Begitu kata-kata itu keluar, semua orang terkejut. Apa maksudnya “siapa bilang saya harus menggunakan orang sungguhan”? Jika bukan orang sungguhan, lalu apa? Klon?
Jiang Tianming berpikir lebih jauh. Dia tentu saja memperhatikan pandangan Su Bei padanya tadi. Pandangan itu tiba-tiba mengingatkan dia pada suatu masa lama ketika Su Bei datang padanya.
Saat itu, sebelum ujian bulanan pertama, Su Bei mendekatinya dan mengatakan ingin menguji Kemampuannya.
Meskipun sepertinya pihak lain telah mengutak-atik sesuatu di atas kepalanya, pada akhirnya tidak terjadi apa-apa, jadi Jiang Tianming tidak tahu apa yang sebenarnya diuji.
Namun, tanggapan Su Bei tadi membuat hati Jiang Tianming berdebar kencang. Jika Su Bei tidak menggunakan manusia sungguhan untuk eksperimen, lalu apa yang dia lakukan saat mendekatinya dulu?
Namun, Su Bei tidak memberi kesempatan kepada siapa pun untuk bertanya. Setelah menanamkan petunjuk yang dia butuhkan, dia mengganti topik dan mulai mengajar dengan serius.
Melihatnya mengajar dengan antusias, yang lain pun merasa malu untuk terus bertanya. Terutama, jelas Su Bei tidak berniat melanjutkan topik tersebut, dan mereka yang mengenalnya tahu bahwa mendesak lebih jauh kemungkinan besar tidak akan menghasilkan apa-apa.
Mungkin Su Bei sengaja mengucapkan kata-kata itu hanya untuk menikmati melihat mereka frustrasi.
Dia memang orang yang jahat seperti itu.
Waktu berlalu sedikit demi sedikit, dan kemajuan ulangan mereka mendekati akhir. Dengan lima hari tersisa sebelum ujian akhir, para guru akhirnya mengumumkan materi ujian.
“Reenactment Kampanye??? Aku bukan satu-satunya yang belum mempelajarinya, kan!”
“Apa? Kita punya teknologi seperti itu sekarang? Oh, lupa aku pengguna Kemampuan.”
“Sekolah sialan itu! Ujian gabungan tiga sekolah, dan kalian bahkan tidak mengumumkan materinya sebelumnya? Tunggu sampai aku menghancurkan reputasi Akademi!”
“Apakah masih ada waktu untuk belajar sekarang? Aku akan bayar mahal untuk kelas kilat kampanye!”
Pada hari pengumuman berita itu, koridor kelas satu dipenuhi dengan keluhan.
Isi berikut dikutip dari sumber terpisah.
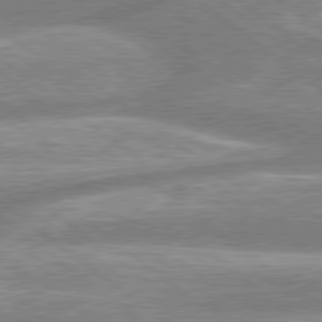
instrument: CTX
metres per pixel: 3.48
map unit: lApd
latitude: 79.0081
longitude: -158.5357
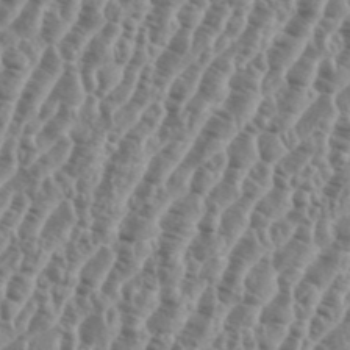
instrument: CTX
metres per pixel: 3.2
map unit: eHh
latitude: 36.7813
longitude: -135.9906
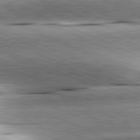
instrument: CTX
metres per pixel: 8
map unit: lApd
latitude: 81.8772
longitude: -167.1970
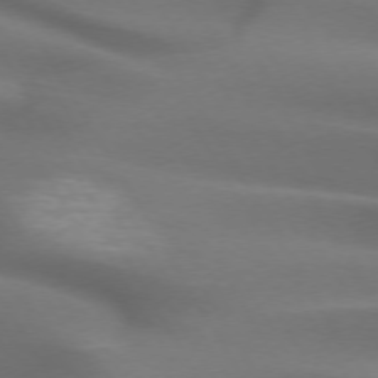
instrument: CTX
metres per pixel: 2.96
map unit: lApd
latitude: 72.9136
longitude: -52.2523
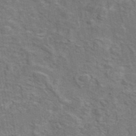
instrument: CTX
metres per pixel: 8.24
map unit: eAb
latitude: 44.9891
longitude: 110.2550
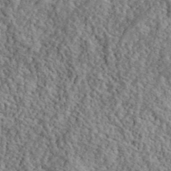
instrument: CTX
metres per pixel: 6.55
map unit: lHvf
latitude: 40.7435
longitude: -86.1767
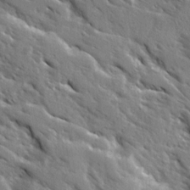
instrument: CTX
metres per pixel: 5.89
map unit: Ave
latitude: 16.1011
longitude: -130.7814
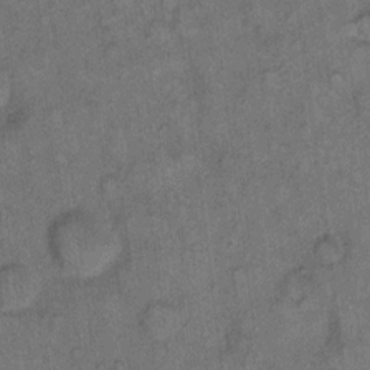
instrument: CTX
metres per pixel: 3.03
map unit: eHh
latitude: 10.1578
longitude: -63.7639
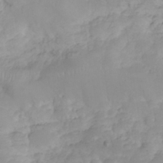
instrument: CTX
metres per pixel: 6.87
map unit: eHh
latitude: 31.6127
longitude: -65.3482
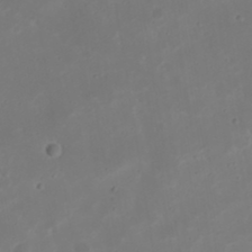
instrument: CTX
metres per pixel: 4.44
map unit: Nhu
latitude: 21.1781
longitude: -72.4790
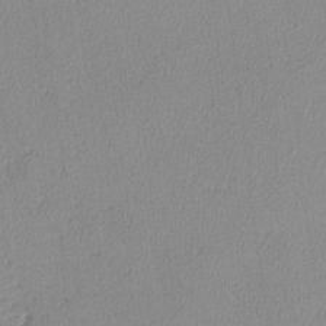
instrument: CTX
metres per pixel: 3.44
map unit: lHvf
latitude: -14.4062
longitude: -102.2900
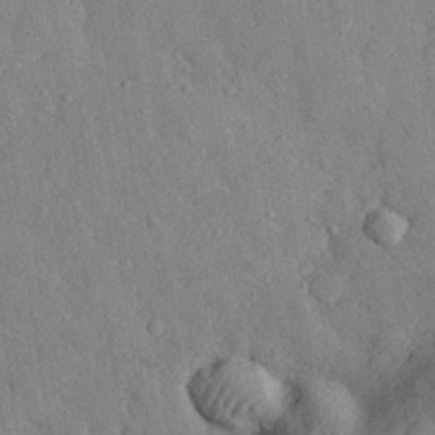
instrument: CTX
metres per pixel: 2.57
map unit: eHh
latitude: 29.0836
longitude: -77.1214
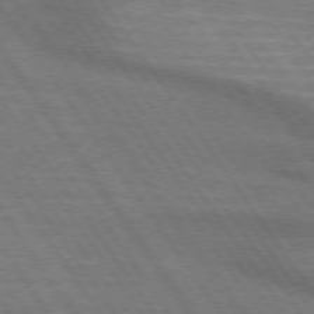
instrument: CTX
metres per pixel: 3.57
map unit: lApd
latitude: 74.0633
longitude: -63.9150
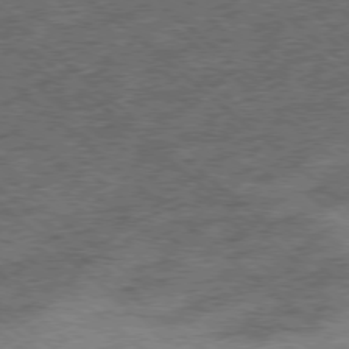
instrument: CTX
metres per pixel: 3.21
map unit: Ap
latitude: -78.4251
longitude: -48.8191
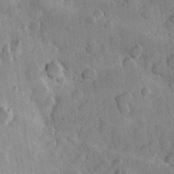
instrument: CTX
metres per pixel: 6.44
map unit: Hve
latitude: 23.5182
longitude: 147.8422
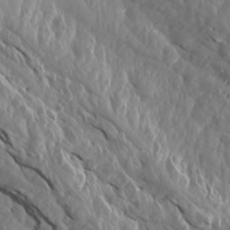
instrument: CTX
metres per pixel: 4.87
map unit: Aa
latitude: 15.0081
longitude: -143.7261
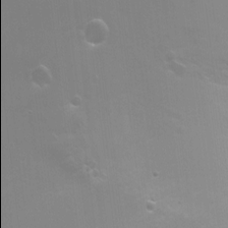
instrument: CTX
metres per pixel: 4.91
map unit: Nhu
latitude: 5.3671
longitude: -17.9906
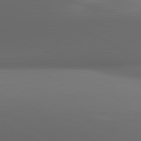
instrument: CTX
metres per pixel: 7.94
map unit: lApd
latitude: 81.0647
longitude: 136.1983
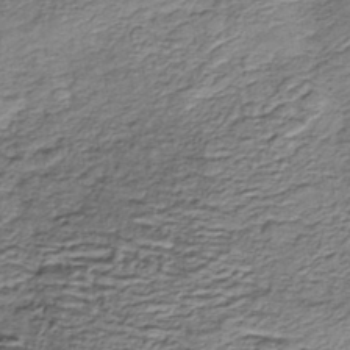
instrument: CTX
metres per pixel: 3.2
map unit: eHh
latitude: -42.9919
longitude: 116.9163
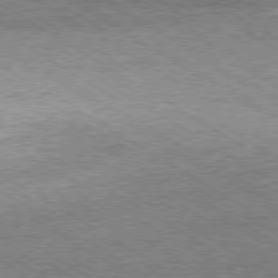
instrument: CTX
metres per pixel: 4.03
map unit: Ap
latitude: -80.2929
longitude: -88.1578
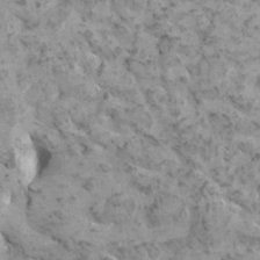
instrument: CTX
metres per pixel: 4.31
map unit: HNhu
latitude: 0.7624
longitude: 2.7463
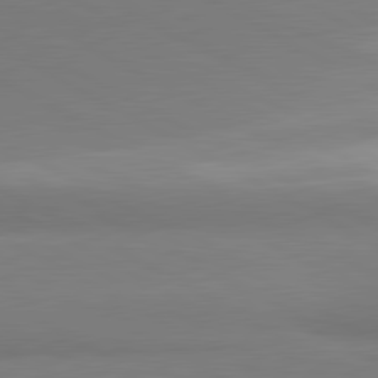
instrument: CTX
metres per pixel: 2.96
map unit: lApd
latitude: 81.3104
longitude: 159.2942
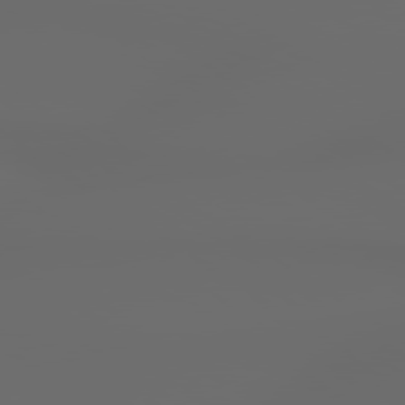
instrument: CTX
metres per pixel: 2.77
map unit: lApd
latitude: 79.2915
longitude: -139.9528
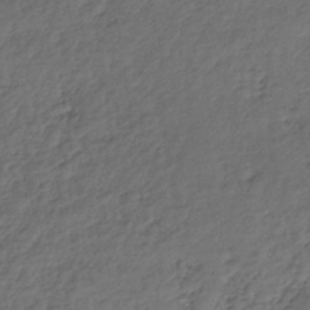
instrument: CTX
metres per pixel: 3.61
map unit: lHb
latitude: -35.9367
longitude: 69.8611
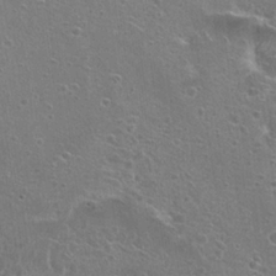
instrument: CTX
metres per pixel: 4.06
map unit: Hto
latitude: 22.5924
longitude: -41.9528
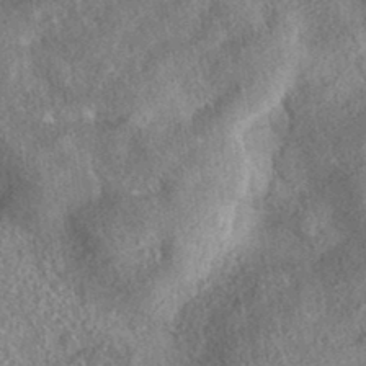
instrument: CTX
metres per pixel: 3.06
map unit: eAb
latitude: 36.7813
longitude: 113.1053
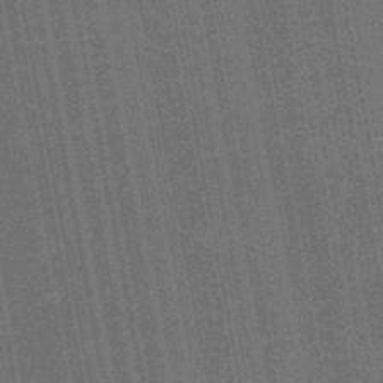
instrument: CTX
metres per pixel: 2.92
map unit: HNb
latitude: -45.3132
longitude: 52.9352
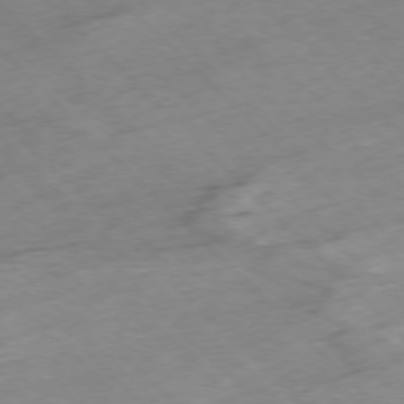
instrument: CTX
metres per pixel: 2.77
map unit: Hpe
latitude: -77.1053
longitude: -16.6679
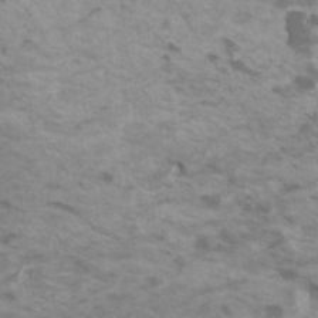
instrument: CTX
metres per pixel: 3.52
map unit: HNhu
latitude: 2.3278
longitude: -1.1214
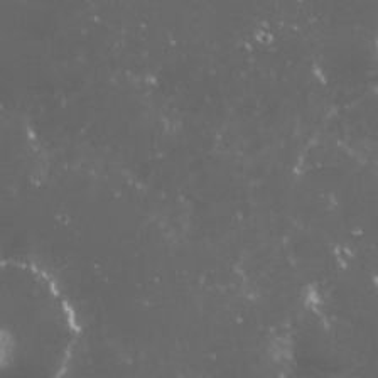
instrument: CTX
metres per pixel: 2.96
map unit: Nhu
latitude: 26.9892
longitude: -60.5168
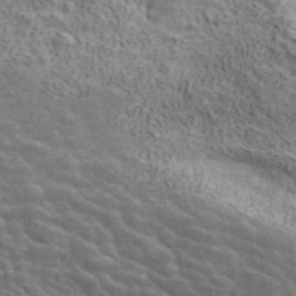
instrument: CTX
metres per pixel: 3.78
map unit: ANa
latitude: 41.3859
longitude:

Jelas, semua orang berpikir Akademi sudah gila, meninggalkan mereka tanpa waktu untuk belajar sama sekali.
Sekolah membiarkan mereka mengeluh selama sehari, dan pada hari kedua, guru-guru kelas melontarkan hujan kritik. Retorika guru-guru itu sama saja, kurang lebih: “Apakah kampanye yang sesungguhnya perlu pemberitahuan sebelumnya?”
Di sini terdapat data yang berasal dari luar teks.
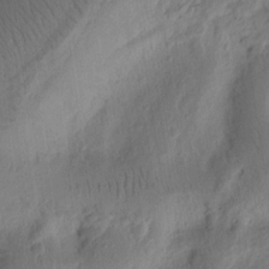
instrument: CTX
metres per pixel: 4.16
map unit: Ht
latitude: 11.1970
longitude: -75.2348
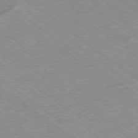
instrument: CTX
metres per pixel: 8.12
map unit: Hpe
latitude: -78.1416
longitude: -21.9339
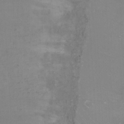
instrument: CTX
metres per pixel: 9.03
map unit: Ht
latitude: -7.0864
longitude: -28.1011
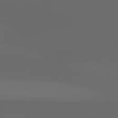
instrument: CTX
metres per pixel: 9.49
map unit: lApd
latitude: 83.0269
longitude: -138.1011
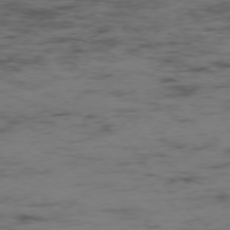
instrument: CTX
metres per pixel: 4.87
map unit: Ap
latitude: -76.5952
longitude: -82.5167
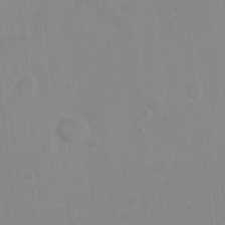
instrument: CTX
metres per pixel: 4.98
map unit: Nhu
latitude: 4.1956
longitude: -16.9703
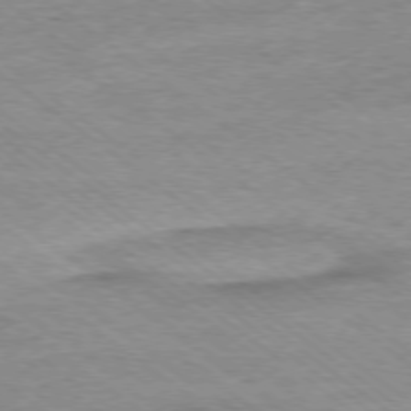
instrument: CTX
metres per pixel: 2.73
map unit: Ap
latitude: -77.8422
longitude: -82.0822
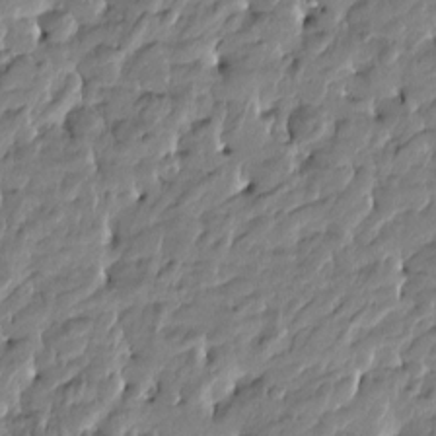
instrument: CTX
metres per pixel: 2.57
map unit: Htu
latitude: -4.8030
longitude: 177.2943
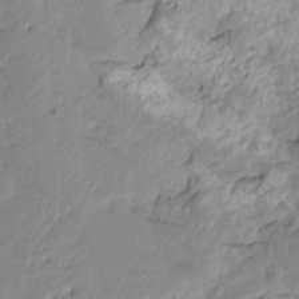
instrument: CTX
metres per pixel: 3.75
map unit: Nhu
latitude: -8.7463
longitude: -43.6883
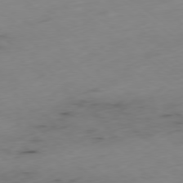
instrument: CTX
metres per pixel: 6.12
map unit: Ap
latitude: -79.0675
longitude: -58.9325
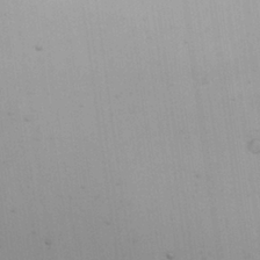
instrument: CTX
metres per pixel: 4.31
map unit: eHh
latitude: 26.3656
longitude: -68.2712
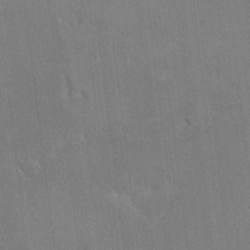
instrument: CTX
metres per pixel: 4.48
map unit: HNhu
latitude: 7.7450
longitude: -5.0269
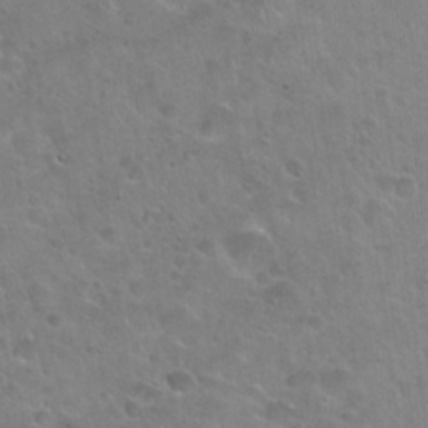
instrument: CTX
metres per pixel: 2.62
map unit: Hto
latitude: 22.3278
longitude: -52.6680
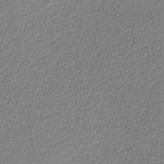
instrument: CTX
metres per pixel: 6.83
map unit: eAb
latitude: -38.0472
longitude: 51.6722
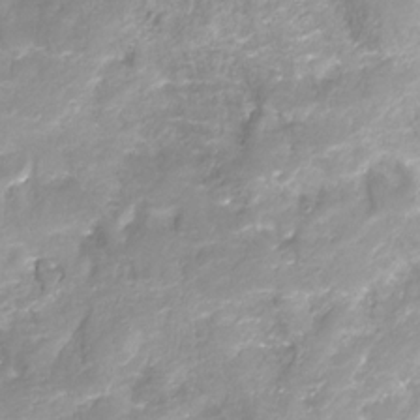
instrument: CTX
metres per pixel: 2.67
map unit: Ht
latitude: -17.0298
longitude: -45.1025
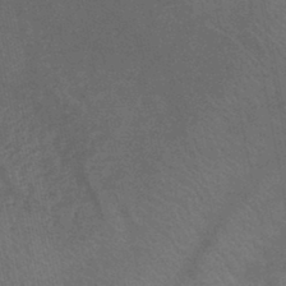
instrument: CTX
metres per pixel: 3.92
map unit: lHb
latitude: -43.9745
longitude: 74.8408
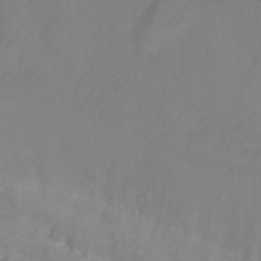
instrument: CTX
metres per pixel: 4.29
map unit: Ht
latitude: 2.1011
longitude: -34.7246
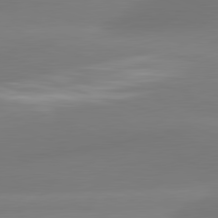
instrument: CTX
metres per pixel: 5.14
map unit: lApd
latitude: 81.4237
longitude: -162.6491
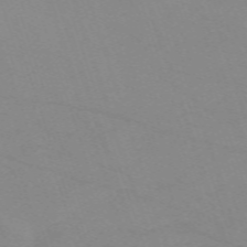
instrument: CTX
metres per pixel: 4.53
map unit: eHh
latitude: -64.6141
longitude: 52.5951
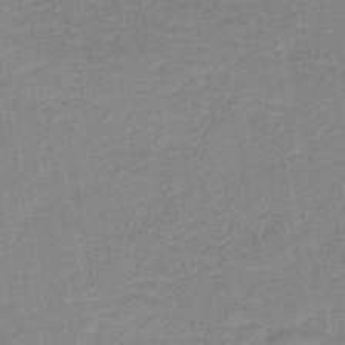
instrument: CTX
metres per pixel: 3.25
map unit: eAb
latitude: -36.1039
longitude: 51.9556
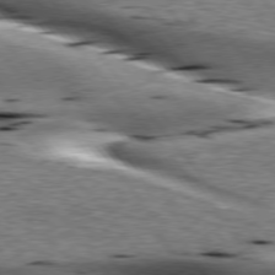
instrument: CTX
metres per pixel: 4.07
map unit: lApd
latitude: 76.4034
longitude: -61.0647
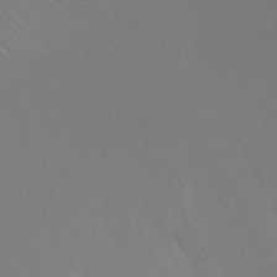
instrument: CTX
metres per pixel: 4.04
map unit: Ht
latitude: -9.3510
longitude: -32.8002
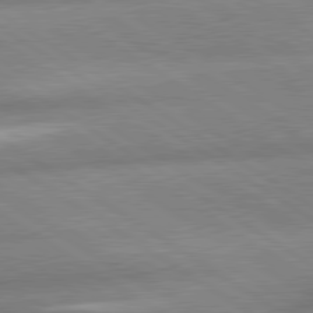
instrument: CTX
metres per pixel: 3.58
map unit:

Kombinasi antara penekanan dan persuasi berhasil membuat para siswa diam, yang kemudian panik mencari sumber daya untuk belajar. Seluruh angkatan pertama terjun ke dalam suasana belajar yang gila-gilaan, hampir seperti mania, yang dianggap sangat menghibur oleh siswa angkatan kedua dan ketiga.
Meskipun mereka sendiri sedang menghadapi ujian akhir, mereka somehow punya waktu untuk menonton angkatan pertama. Mereka seperti senior-senior yang, selama latihan militer angkatan pertama, berdiri di pagar makan semangka—tidak menimbulkan kerusakan nyata tapi sangat mengganggu.
Masalah utamanya adalah mereka tidak hanya menonton; mereka harus membuat komentar sinis.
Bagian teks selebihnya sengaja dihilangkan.